En otra época, recuerdo que se obsesionó por los números y la astrología y se pasó meses de fiebre pitagórica, asignándole números a todos en la oficina. Cada número llevaba aparejado unos rasgos personales y unas cualidades positivas y negativas. Había números afines entre sí y otros, según ella, absolutamente incompatibles. A mí me asignó el número dos, que por lo visto es de lo mejorcito, aunque yo no me enteré muy bien de la numerología celestial. Sí recuerdo que ella era el número siete y necesitaba para su plenitud encontrar el número cinco.

La última extravagancia que presencié de Celeste sucedió precisamente cuando encontró a su número cinco. Fue una mañana de primavera poco antes de que desapareciera definitivamente del trabajo y, desde entonces, de mi vida. Celeste y yo trabajábamos en un edificio de oficinas. Un coloso de más de treinta plantas cerrado por enormes cristaleras de vidrios ahumados. La cafetería estaba en la planta baja. Era una enorme sala repleta de sillas y mesas entre la cristalera del edificio y una barra larguísima llena de camareros por dentro y de taburetes giratorios por fuera. Cada mañana en el intervalo de una hora, los camareros, a un ritmo frenético, servían más de mil servicios de casi mil maneras diferentes.

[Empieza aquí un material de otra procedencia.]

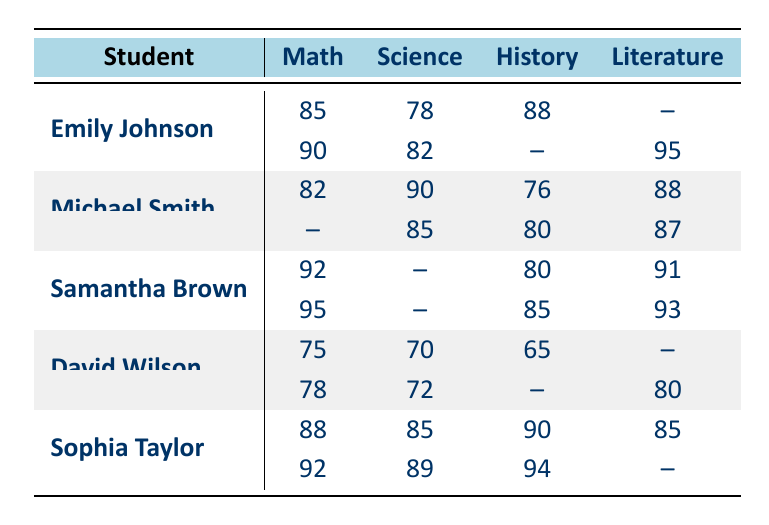What is the final score of Emily Johnson in literature? The table shows Emily Johnson's scores for literature; the midterm score is missing (indicated by --), but the final score is 95.
Answer: 95 Which student had the highest midterm score in math? Emily Johnson scored 85 in math, Michael Smith scored 82, Samantha Brown scored 92, David Wilson scored 75, and Sophia Taylor scored 88. Therefore, Samantha Brown had the highest at 92.
Answer: Samantha Brown What was Michael Smith's overall performance in history? In history, Michael had a midterm score of 76 and a final score of 80. Therefore, his overall performance in history consists of these two scores without any missing data.
Answer: Midterm: 76, Final: 80 Did David Wilson achieve a final score in history? The table indicates that David Wilson's final score in history is missing (indicated by --). Hence, the answer is no, he did not achieve a final score.
Answer: No What is the average midterm score in math for all students? To find the average, sum the midterm scores for math: 85 (Emily) + 82 (Michael) + 92 (Samantha) + 75 (David) + 88 (Sophia) = 422. There are 5 students, so the average is 422/5 = 84.4.
Answer: 84.4 Who had the lowest science midterm score? Looking at the science midterm scores: 78 (Emily), 90 (Michael), 70 (David), and a missing score from Samantha. David's score of 70 is the lowest.
Answer: David Wilson What are the combined final scores for Sophia Taylor across all subjects? Sophia's final scores are 92 (math), missing score (science), 94 (history), and missing score (literature). Adding up the known scores: 92 + 94 = 186.
Answer: 186 Is there any student who scored above 90 in both midterm and final in math? Samantha Brown scored 92 in the midterm and 95 in the final; no other student scored above 90 in both. Therefore, the answer is yes.
Answer: Yes What is the range of final scores in history? The final scores in history are 80 (Michael), missing (David), 85 (Samantha), and missing (Emily, Sophia). The known scores are 80 and 85, giving a range of 85 - 80 = 5.
Answer: 5 How many subjects did Samantha Brown score above 90? Samantha scored 92 (midterm math), 95 (final math), 85 (final history), and 93 (final literature). She scored above 90 in math both times and once in literature, totaling 3 subjects.
Answer: 3

            Celeste era de las últimas del departamento en bajar a la cafetería porque le gustaba desayunar sola. Cuando llegaba quedaban muchas mesas vacías y casi siempre se sentaba en una mesa para tres adosada a la cristalera. Le gustaba el sitio porque al tiempo que comía podía ver los jardines del exterior; los árboles, el césped y sobre todo los pajaritos. Era el único momento, según decía, en el que podía ver algo más que un techo bajo, una mampara ciega y la pantalla de un ordenador;  y cada vez que tenía la suerte de ver volar a algún pájaro entre los árboles, se convencía a sí misma de que tenía que salir de allí antes de que el coloso de cristal le consumiera el alma.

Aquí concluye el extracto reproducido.